━━━━━ Input data ━━━━━

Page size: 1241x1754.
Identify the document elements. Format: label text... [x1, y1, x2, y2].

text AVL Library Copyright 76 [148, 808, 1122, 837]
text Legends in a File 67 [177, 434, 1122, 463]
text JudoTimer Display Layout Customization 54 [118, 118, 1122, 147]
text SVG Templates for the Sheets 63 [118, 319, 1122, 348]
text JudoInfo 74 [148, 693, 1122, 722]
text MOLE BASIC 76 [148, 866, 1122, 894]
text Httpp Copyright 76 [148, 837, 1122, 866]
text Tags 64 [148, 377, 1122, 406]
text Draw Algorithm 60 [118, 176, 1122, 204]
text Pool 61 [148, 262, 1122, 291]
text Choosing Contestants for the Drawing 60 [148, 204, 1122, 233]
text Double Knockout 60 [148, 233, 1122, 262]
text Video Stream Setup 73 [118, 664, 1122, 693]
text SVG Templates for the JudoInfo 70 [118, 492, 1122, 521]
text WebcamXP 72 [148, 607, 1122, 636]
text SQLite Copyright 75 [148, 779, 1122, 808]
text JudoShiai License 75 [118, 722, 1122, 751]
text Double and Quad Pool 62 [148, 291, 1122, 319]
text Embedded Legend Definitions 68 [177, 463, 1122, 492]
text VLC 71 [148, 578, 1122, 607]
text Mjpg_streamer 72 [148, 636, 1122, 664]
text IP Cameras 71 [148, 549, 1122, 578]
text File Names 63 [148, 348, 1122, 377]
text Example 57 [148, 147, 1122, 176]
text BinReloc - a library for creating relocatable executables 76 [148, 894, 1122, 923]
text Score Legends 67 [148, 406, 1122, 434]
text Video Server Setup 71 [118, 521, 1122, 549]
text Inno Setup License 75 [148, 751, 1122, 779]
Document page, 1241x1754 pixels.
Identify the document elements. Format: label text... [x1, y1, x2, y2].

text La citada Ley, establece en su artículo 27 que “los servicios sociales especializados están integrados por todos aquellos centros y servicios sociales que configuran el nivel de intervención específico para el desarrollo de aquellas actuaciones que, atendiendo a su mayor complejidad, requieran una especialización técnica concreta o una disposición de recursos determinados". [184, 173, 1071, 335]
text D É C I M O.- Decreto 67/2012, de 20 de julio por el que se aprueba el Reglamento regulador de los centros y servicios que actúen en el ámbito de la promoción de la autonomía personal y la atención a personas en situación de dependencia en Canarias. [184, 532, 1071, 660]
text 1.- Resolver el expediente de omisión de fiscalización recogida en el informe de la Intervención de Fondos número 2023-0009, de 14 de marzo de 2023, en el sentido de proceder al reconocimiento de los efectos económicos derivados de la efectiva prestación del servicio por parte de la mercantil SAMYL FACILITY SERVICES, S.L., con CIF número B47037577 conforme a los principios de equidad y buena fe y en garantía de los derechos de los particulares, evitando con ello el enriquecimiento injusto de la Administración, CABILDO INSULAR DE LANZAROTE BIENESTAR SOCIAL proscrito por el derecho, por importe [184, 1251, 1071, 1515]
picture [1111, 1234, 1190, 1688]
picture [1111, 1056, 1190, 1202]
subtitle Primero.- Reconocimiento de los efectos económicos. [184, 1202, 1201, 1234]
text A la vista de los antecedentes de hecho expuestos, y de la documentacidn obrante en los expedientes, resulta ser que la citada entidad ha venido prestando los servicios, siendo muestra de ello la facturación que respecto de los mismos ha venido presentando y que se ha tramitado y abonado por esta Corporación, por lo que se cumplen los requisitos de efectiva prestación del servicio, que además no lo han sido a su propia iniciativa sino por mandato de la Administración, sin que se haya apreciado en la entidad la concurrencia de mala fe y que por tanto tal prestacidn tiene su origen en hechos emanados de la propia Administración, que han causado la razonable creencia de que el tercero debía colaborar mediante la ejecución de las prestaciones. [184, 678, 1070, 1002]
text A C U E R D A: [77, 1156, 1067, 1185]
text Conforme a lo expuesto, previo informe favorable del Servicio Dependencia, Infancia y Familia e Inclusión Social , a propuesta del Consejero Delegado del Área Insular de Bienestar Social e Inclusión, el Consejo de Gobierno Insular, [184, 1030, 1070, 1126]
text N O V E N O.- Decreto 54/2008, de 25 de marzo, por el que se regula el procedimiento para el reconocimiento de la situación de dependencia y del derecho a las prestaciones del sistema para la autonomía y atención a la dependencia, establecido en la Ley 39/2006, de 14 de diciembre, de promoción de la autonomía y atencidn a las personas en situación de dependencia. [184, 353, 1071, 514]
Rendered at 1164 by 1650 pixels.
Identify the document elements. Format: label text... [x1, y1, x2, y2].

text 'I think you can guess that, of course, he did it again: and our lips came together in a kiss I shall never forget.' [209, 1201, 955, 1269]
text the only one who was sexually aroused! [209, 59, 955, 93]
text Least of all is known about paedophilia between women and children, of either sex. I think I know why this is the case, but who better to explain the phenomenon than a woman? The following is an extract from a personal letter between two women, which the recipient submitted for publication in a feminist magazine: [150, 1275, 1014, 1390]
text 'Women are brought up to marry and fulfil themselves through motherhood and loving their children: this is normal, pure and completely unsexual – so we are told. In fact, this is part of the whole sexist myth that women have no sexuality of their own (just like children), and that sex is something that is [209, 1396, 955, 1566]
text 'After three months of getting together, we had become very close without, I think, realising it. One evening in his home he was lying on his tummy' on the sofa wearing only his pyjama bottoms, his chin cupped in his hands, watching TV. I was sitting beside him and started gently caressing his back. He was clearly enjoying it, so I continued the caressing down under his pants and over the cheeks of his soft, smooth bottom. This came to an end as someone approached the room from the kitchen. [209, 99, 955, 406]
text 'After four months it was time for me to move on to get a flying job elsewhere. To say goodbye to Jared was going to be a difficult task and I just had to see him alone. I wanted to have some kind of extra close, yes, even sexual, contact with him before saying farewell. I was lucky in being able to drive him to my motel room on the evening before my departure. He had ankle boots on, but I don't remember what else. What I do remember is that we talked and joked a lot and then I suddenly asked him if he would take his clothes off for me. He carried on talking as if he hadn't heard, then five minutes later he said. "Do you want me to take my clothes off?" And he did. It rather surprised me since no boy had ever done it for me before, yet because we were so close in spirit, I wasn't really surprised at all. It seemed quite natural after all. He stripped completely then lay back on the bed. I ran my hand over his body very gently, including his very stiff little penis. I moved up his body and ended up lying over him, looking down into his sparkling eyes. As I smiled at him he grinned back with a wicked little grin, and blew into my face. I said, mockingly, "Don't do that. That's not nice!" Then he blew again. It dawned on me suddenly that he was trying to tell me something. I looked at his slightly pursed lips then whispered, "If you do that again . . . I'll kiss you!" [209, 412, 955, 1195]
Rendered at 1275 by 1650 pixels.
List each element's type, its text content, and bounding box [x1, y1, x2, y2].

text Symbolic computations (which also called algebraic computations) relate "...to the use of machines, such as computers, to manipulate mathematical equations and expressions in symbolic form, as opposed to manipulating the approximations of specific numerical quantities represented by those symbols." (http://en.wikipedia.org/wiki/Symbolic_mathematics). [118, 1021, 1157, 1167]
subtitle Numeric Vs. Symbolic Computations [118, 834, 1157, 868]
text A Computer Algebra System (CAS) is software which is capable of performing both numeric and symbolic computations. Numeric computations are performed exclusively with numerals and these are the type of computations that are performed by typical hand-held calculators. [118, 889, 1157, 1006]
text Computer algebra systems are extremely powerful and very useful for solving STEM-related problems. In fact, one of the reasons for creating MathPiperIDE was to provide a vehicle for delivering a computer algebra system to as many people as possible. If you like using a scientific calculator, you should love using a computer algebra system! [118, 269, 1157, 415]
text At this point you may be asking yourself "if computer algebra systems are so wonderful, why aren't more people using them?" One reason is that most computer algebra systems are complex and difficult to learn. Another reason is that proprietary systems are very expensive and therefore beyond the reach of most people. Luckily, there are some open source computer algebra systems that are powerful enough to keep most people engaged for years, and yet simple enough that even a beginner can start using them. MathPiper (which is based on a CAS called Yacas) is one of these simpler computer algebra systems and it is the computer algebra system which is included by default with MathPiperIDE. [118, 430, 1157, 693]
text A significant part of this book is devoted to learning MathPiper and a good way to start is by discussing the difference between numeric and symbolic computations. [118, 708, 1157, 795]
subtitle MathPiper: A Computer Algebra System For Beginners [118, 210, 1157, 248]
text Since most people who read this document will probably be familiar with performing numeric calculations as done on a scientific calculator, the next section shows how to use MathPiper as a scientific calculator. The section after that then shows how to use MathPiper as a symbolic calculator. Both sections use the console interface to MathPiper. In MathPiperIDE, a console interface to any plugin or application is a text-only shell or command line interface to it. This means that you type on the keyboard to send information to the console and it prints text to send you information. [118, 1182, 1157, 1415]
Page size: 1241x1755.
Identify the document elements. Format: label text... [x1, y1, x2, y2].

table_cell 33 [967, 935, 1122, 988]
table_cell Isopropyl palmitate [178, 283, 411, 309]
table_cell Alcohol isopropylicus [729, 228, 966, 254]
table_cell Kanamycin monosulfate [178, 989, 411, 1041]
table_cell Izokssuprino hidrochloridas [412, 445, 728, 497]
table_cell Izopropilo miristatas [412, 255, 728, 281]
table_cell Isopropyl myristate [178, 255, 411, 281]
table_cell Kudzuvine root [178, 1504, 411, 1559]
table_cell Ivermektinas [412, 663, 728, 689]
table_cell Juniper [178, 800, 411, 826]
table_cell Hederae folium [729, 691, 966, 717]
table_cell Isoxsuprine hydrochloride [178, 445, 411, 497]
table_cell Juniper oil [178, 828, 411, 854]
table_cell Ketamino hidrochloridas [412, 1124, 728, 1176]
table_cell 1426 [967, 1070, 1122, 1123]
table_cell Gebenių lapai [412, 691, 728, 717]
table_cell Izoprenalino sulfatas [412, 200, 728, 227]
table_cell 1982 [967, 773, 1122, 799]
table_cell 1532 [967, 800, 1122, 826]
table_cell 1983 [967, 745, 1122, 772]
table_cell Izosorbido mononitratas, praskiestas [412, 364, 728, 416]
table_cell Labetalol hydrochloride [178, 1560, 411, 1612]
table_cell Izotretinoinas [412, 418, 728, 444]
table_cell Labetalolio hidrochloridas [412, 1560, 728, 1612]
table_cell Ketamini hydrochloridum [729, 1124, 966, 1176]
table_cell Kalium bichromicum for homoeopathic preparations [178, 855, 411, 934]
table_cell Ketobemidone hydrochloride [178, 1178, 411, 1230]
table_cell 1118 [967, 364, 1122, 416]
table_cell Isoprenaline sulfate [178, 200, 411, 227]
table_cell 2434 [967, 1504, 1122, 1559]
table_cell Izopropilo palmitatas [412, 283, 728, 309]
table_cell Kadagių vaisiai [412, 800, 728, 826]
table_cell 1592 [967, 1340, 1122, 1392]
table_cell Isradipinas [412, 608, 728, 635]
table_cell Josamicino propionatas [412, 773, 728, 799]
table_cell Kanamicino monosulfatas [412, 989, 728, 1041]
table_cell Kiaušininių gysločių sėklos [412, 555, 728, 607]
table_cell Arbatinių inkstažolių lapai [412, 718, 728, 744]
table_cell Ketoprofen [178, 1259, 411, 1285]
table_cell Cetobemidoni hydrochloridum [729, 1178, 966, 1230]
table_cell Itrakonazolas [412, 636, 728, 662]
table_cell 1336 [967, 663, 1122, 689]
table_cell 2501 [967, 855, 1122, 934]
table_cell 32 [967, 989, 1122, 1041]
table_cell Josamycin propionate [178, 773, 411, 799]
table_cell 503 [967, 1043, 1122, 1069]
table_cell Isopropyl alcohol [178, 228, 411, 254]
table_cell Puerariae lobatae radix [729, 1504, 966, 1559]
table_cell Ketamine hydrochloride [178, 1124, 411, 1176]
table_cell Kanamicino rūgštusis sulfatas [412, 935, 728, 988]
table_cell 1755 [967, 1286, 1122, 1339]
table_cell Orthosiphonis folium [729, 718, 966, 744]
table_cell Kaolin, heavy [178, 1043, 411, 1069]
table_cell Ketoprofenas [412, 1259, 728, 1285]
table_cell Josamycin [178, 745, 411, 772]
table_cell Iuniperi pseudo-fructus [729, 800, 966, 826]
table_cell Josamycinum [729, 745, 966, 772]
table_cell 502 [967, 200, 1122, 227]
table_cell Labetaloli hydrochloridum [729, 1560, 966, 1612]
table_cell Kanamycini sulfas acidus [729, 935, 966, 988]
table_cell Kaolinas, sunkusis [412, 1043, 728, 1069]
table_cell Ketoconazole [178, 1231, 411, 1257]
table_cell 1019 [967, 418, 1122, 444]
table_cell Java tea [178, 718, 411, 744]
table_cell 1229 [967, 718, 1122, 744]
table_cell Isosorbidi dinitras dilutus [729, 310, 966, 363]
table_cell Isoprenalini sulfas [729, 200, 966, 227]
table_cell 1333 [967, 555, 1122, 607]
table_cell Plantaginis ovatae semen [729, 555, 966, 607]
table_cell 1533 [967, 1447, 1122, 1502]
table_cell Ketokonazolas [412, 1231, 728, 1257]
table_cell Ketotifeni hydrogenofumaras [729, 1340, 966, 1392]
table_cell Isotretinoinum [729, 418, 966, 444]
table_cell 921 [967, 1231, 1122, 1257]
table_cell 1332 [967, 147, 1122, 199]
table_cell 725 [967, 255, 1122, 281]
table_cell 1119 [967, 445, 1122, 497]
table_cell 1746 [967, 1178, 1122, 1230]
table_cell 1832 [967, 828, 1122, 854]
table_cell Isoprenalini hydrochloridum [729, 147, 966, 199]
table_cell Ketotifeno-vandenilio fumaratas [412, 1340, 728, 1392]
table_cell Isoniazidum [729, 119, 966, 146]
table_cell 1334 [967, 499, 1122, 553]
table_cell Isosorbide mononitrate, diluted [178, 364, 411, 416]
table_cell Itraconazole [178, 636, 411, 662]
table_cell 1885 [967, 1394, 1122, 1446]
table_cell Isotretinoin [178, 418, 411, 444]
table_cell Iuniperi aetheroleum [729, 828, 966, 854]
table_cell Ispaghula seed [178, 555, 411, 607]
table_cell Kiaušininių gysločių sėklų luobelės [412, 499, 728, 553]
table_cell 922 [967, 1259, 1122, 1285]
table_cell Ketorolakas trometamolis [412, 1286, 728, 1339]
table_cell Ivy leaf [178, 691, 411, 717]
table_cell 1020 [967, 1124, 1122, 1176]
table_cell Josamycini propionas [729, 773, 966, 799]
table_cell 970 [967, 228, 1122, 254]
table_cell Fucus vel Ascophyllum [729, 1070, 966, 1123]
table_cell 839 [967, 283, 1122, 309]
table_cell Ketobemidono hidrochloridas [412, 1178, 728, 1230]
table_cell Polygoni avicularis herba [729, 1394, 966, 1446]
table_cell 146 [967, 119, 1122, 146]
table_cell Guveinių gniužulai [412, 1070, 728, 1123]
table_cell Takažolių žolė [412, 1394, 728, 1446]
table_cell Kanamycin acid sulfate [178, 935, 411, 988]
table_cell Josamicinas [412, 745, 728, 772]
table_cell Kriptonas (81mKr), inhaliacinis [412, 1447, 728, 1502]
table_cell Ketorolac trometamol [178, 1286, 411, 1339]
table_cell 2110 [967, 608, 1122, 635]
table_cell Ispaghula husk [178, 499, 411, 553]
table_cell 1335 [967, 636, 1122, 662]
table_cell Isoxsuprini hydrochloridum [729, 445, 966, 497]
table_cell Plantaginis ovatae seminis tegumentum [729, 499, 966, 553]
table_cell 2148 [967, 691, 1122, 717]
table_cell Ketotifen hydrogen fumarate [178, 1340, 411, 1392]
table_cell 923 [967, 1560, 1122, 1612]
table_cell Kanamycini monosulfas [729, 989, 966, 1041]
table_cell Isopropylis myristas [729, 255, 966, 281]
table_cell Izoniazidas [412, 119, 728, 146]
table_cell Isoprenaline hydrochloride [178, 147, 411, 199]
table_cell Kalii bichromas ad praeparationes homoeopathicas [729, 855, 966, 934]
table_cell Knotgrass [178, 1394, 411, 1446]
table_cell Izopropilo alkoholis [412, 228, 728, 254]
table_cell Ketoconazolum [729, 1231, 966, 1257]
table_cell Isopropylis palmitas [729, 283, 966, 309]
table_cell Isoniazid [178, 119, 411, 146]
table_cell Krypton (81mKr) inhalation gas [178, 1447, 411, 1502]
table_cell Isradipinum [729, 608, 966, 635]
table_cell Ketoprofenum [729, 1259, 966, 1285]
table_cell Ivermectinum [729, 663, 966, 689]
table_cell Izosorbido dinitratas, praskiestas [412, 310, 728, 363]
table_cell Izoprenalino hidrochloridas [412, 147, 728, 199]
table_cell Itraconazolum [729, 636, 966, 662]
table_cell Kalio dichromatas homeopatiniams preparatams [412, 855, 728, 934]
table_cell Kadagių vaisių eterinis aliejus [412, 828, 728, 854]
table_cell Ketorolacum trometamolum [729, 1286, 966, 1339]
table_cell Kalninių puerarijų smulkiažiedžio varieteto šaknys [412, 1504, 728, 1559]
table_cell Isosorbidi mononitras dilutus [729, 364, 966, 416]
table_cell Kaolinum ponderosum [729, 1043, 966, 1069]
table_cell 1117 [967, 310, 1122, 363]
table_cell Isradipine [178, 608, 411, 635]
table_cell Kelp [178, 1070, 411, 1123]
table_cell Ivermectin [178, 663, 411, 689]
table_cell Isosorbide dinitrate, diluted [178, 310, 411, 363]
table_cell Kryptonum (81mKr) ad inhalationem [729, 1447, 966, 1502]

━━━━━

■ Directions
Above are the entries. Copy exactly the part that opens with the line containing "table_cell Izotretinoinas [412, 418, 728, 444]" and closes with the line containing "table_cell Puerariae lobatae", and no more.

■ Output below
table_cell Izotretinoinas [412, 418, 728, 444]
table_cell Labetalolio hidrochloridas [412, 1560, 728, 1612]
table_cell Ketamini hydrochloridum [729, 1124, 966, 1176]
table_cell Kalium bichromicum for homoeopathic preparations [178, 855, 411, 934]
table_cell Ketobemidone hydrochloride [178, 1178, 411, 1230]
table_cell 1118 [967, 364, 1122, 416]
table_cell Isoprenaline sulfate [178, 200, 411, 227]
table_cell 2434 [967, 1504, 1122, 1559]
table_cell Izopropilo palmitatas [412, 283, 728, 309]
table_cell Kadagių vaisiai [412, 800, 728, 826]
table_cell 1592 [967, 1340, 1122, 1392]
table_cell Isradipinas [412, 608, 728, 635]
table_cell Josamicino propionatas [412, 773, 728, 799]
table_cell Kanamicino monosulfatas [412, 989, 728, 1041]
table_cell Kiaušininių gysločių sėklos [412, 555, 728, 607]
table_cell Arbatinių inkstažolių lapai [412, 718, 728, 744]
table_cell Ketoprofen [178, 1259, 411, 1285]
table_cell Cetobemidoni hydrochloridum [729, 1178, 966, 1230]
table_cell Itrakonazolas [412, 636, 728, 662]
table_cell 1336 [967, 663, 1122, 689]
table_cell 2501 [967, 855, 1122, 934]
table_cell 32 [967, 989, 1122, 1041]
table_cell Josamycin propionate [178, 773, 411, 799]
table_cell 503 [967, 1043, 1122, 1069]
table_cell Isopropyl alcohol [178, 228, 411, 254]
table_cell Puerariae lobatae radix [729, 1504, 966, 1559]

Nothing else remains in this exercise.